London Met partners with The Liliesleaf Trust UK

Among other initiatives, this partnership will create a PhD opportunity with the Centre of Memory and Learning to develop a community-focused engagement programme.

Date: 21 July 2021

London Met is proud to announce their new strategic partnership with the Liliesleaf Trust UK (TLTU), a charity working to advance public knowledge of the international movement against apartheid and the contemporary relevance of learning from this heritage, particularly within anti-racist and social justice focused missions.

Through this exciting new partnership, TLTU will support research taking place at London Met with access to the lived experience of the movement against apartheid from within the Trust’s board, advisory groups and networks’ archival materials. The Trust will also offer work-based learning and volunteering opportunities to students and co-create a shared programme of arts and curatorial-based community engagement activities.

In turn, London Met will provide access to relevant academics and research centres linked to TLTU’s work, and will also work with the Centre as an official London Met Lab: Empowering London partner, empowering local communities and addressing social issues.

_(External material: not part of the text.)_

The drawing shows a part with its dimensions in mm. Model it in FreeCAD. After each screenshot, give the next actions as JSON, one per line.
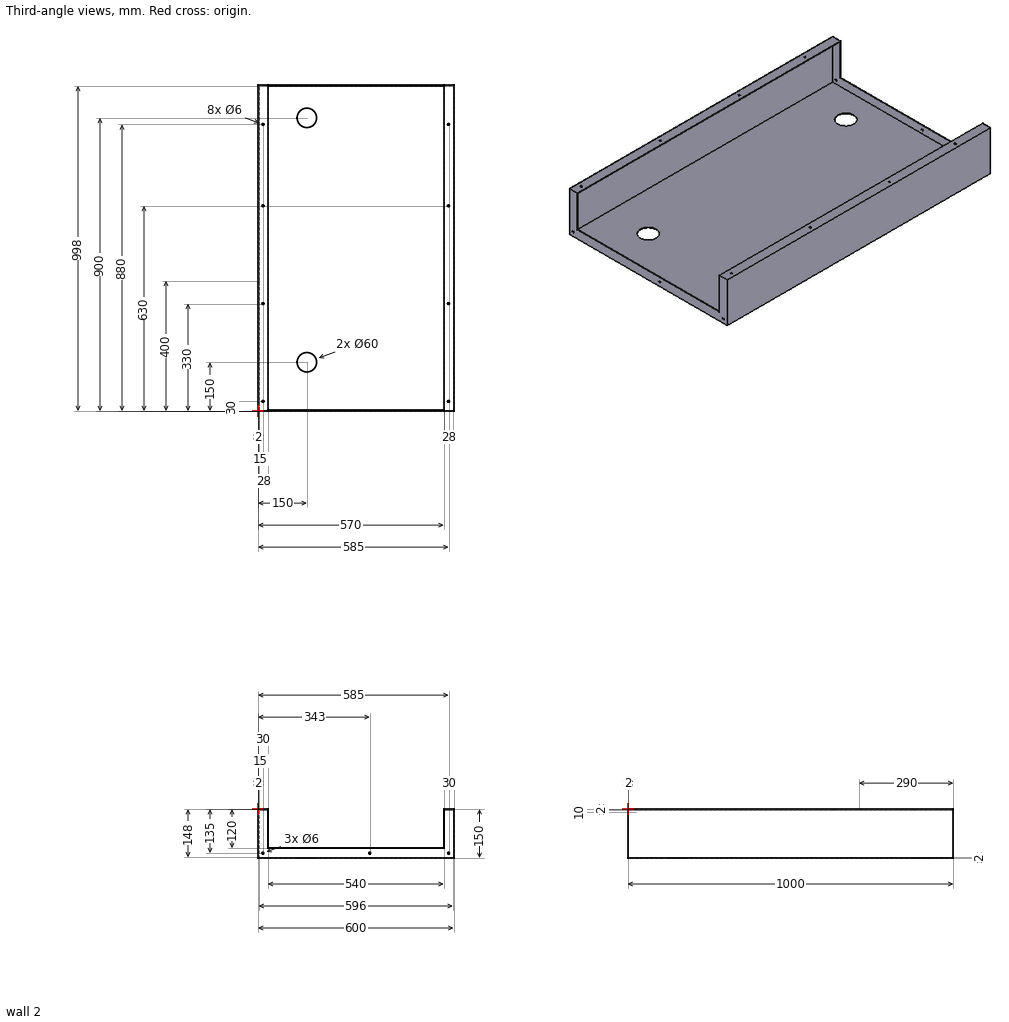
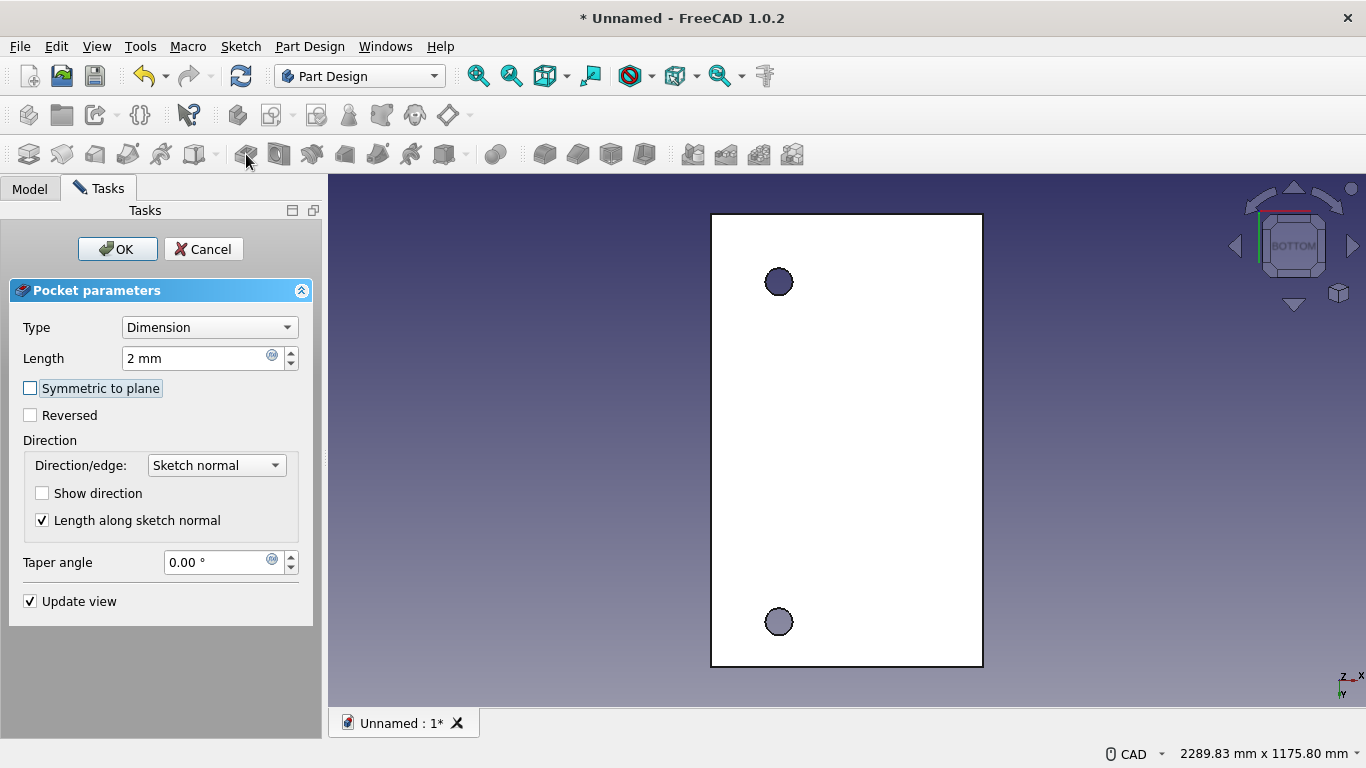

Caroline Kamana, Anti-Apartheid Legacy Project Director at the Liliesleaf Trust UK, said: “We’re very excited about the potential that our new partnership with London Met offers. At a time when the impacts of Covid-19 have exposed and intensified structural inequality between communities, when post-Brexit xenophobia is heightened and the need to state clearly that Black Lives Matter remains, learning from anti-apartheid heritage speaks more profoundly than ever to many of the most pressing social and racial equality issues of the contemporary moment. 

“With London Met, we’ll deliver impactful programmes that channel the legacy of one of the most powerful social movements of the 20th Century. The Centre of Memory and Learning will foreground an empowering, under-represented Black-led history, redressing longstanding imbalances in who UK heritage is made for and by.

Out of this partnership, a new, collaborative fully funded PhD opportunity has been created that will focus on original and socially contributive research and community-facing creative programming for TLTU’s Centre of Memory and Learning, set to open in Islington in 2023 in the former London HQ of the African National Congress. 

The Anti-Apartheid Legacy: Centre of Memory and Learning (CML) in Penton St, Islington is the new home of the Trust and the first UK venue dedicated to anti-apartheid heritage. The CML promotes the legacy and values of the Southern African liberation struggle, the UK’s central role within this struggle and supports contemporary discourse around social (in)justice, inclusion and multi-racial collaboration for social transformation.

Sophie Cloutterbuck, Director of London Engagement, said: “We’re delighted to announce this new partnership with the Liliesleaf Trust UK. London Met is one of London’s vital civic institutions and this partnership will enable collaborative research, co-created arts and curatorial based community engagement, unique opportunities for our staff and students to engage with this site of significant international heritage importance, and to empower our local communities and address the disenfranchisement of marginalised peoples.”

A mock-up image of the new garden at the Centre of Memory and Learning.

TLTU is The Liliesleaf Trust UK, a Black-led organisation established in 2018. The CML is The Anti-Apartheid Legacy: Centre of Memory & Learning and is opening with support from a range of capital funders including the Greater London Authority, the ANC and The Garfield Weston Foundation.